We moved on to using arm::bayesglm to remove convergence issues, but we were met with other limitations such as linear parameterization and lack of hierarchical modeling. The book Statistical Rethinking (McElreath 2020) offers a great first introduction to Bayesian multilevel modeling. McElreath’s rethinking package accompanies the book, and offers a compact yet expressive syntax for models that get translated into a Stan model. A model with age group and block can be written using rethinking::ulam as

rethinking::ulam(alist(
  k ~ binomial_logit(n, p),
  p = exp(b + bG[G] + bT[trt]) * (x - (a + aG[G] + aT[trt])),
  a ~ normal(0, 0.06),
  aG[G] ~ normal(0, sd_aG),
  aT[trt] ~ normal(0, sd_aT),
  b ~ normal(3, 1),
  bG[G] ~ normal(0, sd_bG),
  bT[trt] ~ normal(0, sd_bT),
  c(sd_aG, sd_aT, sd_bG, sd_bT) ~ half_cauchy(0, 5)
), data = df, chains = 4, cores = 4, log_lik = TRUE)

While learning about multilevel models, we tried writing a package that generates a Stan program based on R formula syntax. At the time the concepts of no-pooling, complete pooling, and partial pooling were vaguely understood, and the package was plagued by the same lack of flexibility that rstanarm and brms have. Then it was discovered that brms and rstanarm already did what we were trying to do, but programming experience was invaluable.

We also tried using lme4, rstanarm, and brms, and learned more about the concepts of fixed and random effects. We noticed that parameterization can have a significant affect on the efficiency of a model and the inferential power of the estimated parameters. When fitting a classical model, there is little difference in estimating a + bx vs. d(x - c) since the latter can just be expanded as -cd + dx which is essentially the same as the first parameterization, but there is a practical difference in the interpretation of the parameters. The second parameterization implies that there is a dependence among the parameters that can be factored out. In the context of psychometric functions, there is a stronger connection between PSS and c and the JND and d. This parameterization made it easier to specify priors and also increased the model efficiency. Of the modeling tools mentioned, only rethinking and Stan allow for arbitrary parameterization.

We finally arrived at a model that worked well, but learned that using a binary indicator variable for the treatment comes with the assumption of higher uncertainty for one of the conditions. The linear model that we arrived at is displayed in equation (B.1).

\[\begin{equation} \theta = \exp(\beta + \beta_G +(\beta_T + \beta_{TG})\times trt) \left[x - (\alpha + \alpha_G + (\alpha_T + \alpha_{TG})\times trt)\right] \tag{B.1} \end{equation}\]

Using an indicator variable in this fashion also introduced an interaction effect into the model that we almost did not account for after switching to using a factor variable. Interaction effects between factors is handled by creating a new factor that is essentially the cross-product of other factor variables. E.g. for factor variables \(x\) and \(y\)
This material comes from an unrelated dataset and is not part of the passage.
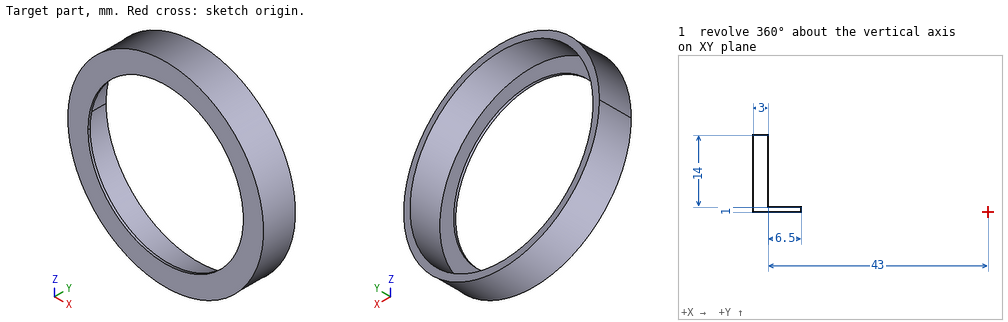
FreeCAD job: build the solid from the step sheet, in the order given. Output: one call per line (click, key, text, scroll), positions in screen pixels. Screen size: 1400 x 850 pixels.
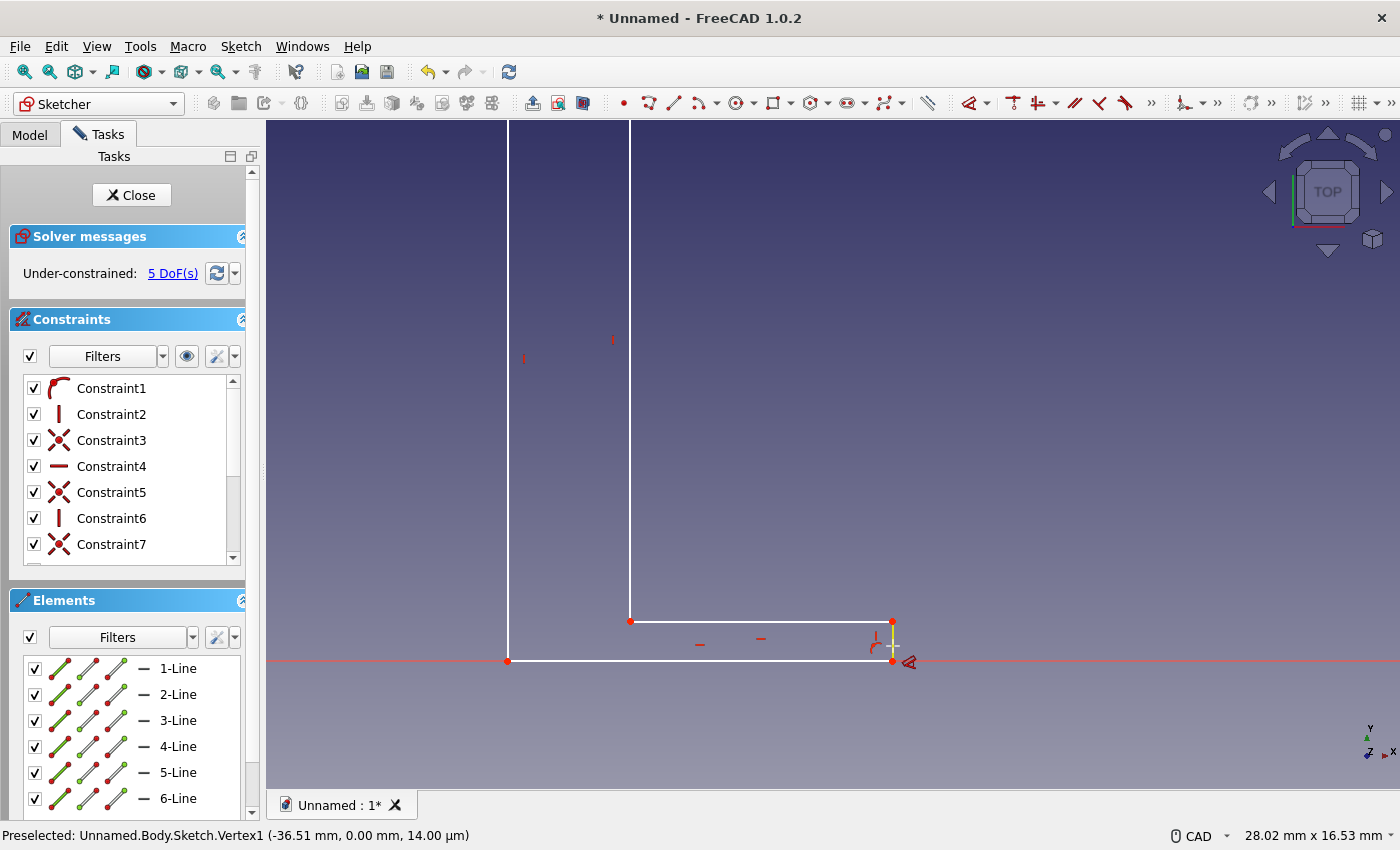
click(893, 645)
click(927, 641)

\[ x = \begin{bmatrix} a \\ b \\ c \end{bmatrix}, y = \begin{bmatrix} i \\ j \end{bmatrix}\Longrightarrow x\times y = \begin{bmatrix} ai & aj \\ bi & bj \\ ci & cj \end{bmatrix} \]
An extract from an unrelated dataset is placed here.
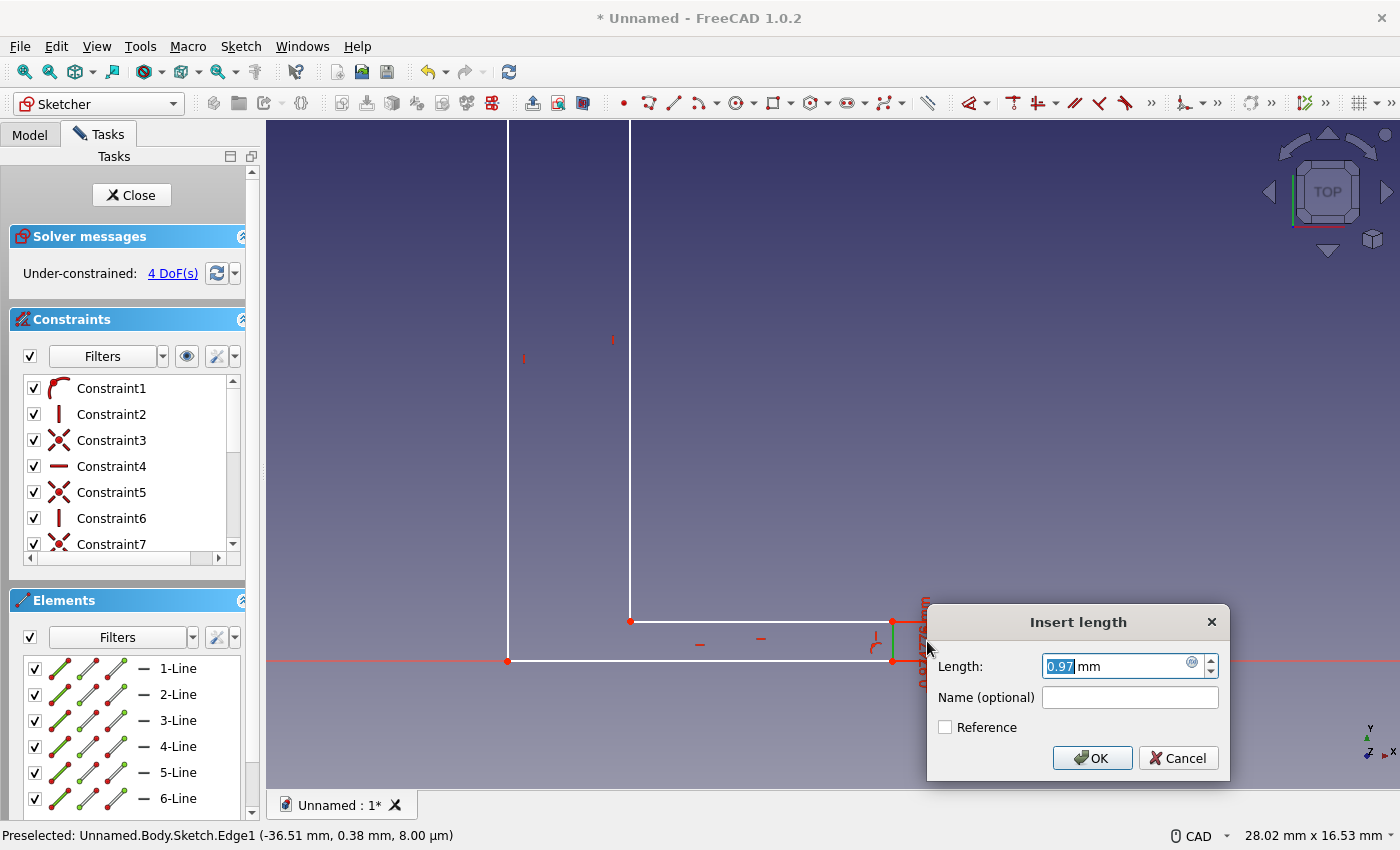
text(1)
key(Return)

The final round of reparameterization came in the form of adopting non-centered parameterization for more efficient models. To us, \(Z \sim N(0, 1^2);\quad X = 3 + 2Z\) is the same as \(X \sim N(3, 2^2)\), but to a computer the process of sampling from \(X\) can be more difficult than sampling from \(Z\) (discussed in chapter 2).

References

Lee, Michael D, and Eric-Jan Wagenmakers. 2014. Bayesian Cognitive Modeling: A Practical Course. Cambridge university press.
McElreath, Richard. 2020. Statistical Rethinking: A Bayesian Course with Examples in r and Stan. CRC press.